§ **Given information**
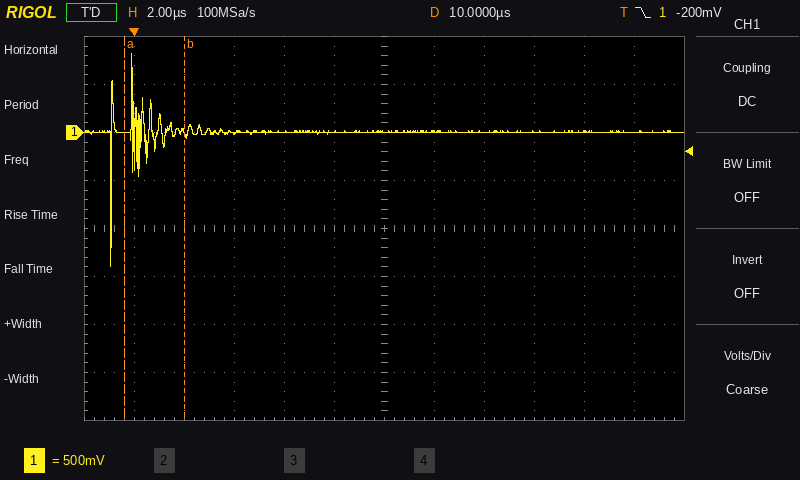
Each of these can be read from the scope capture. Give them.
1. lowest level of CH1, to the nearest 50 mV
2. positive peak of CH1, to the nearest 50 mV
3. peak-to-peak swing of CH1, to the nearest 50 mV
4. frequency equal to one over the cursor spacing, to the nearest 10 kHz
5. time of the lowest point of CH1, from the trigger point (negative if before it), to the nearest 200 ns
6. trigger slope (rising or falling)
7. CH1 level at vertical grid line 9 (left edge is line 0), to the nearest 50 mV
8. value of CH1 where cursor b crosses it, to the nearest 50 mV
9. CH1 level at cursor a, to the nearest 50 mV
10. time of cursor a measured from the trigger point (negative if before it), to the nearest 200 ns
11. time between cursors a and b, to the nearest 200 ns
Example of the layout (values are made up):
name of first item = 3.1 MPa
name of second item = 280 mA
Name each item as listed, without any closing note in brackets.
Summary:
lowest level of CH1, to the nearest 50 mV = -1.40 V
positive peak of CH1, to the nearest 50 mV = 800 mV
peak-to-peak swing of CH1, to the nearest 50 mV = 2.20 V
frequency equal to one over the cursor spacing, to the nearest 10 kHz = 420 kHz
time of the lowest point of CH1, from the trigger point (negative if before it), to the nearest 200 ns = -1.0 µs
trigger slope = falling
CH1 level at vertical grid line 9 (left edge is line 0), to the nearest 50 mV = 0 mV
value of CH1 where cursor b crosses it, to the nearest 50 mV = 0 mV
CH1 level at cursor a, to the nearest 50 mV = 0 mV
time of cursor a measured from the trigger point (negative if before it), to the nearest 200 ns = -400 ns
time between cursors a and b, to the nearest 200 ns = 2.4 µs
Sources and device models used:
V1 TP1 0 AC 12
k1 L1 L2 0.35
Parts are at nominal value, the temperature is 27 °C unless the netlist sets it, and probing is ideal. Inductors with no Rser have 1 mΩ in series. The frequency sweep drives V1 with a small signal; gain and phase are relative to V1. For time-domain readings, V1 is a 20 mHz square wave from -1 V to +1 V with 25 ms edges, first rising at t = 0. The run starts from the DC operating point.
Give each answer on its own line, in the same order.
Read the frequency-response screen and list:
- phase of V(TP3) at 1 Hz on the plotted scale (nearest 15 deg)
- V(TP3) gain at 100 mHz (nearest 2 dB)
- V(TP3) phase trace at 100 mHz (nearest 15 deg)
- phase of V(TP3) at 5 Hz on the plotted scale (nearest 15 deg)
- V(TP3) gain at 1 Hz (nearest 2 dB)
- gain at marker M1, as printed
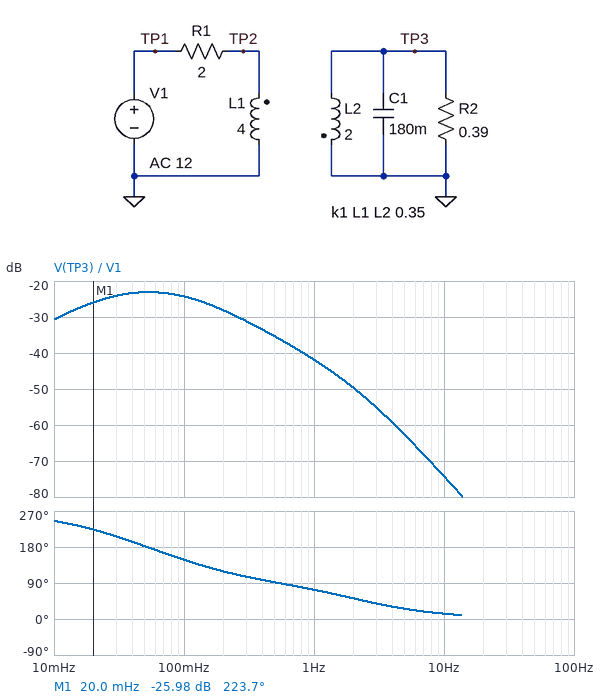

§ **Exercise details**
The images in the entries above should be left out; please reproduce exactly the lines from the first through the one containing "8. value of".

§ **Reply to the exercise**
Each of these can be read from the scope capture. Give them.
1. lowest level of CH1, to the nearest 50 mV
2. positive peak of CH1, to the nearest 50 mV
3. peak-to-peak swing of CH1, to the nearest 50 mV
4. frequency equal to one over the cursor spacing, to the nearest 10 kHz
5. time of the lowest point of CH1, from the trigger point (negative if before it), to the nearest 200 ns
6. trigger slope (rising or falling)
7. CH1 level at vertical grid line 9 (left edge is line 0), to the nearest 50 mV
8. value of CH1 where cursor b crosses it, to the nearest 50 mV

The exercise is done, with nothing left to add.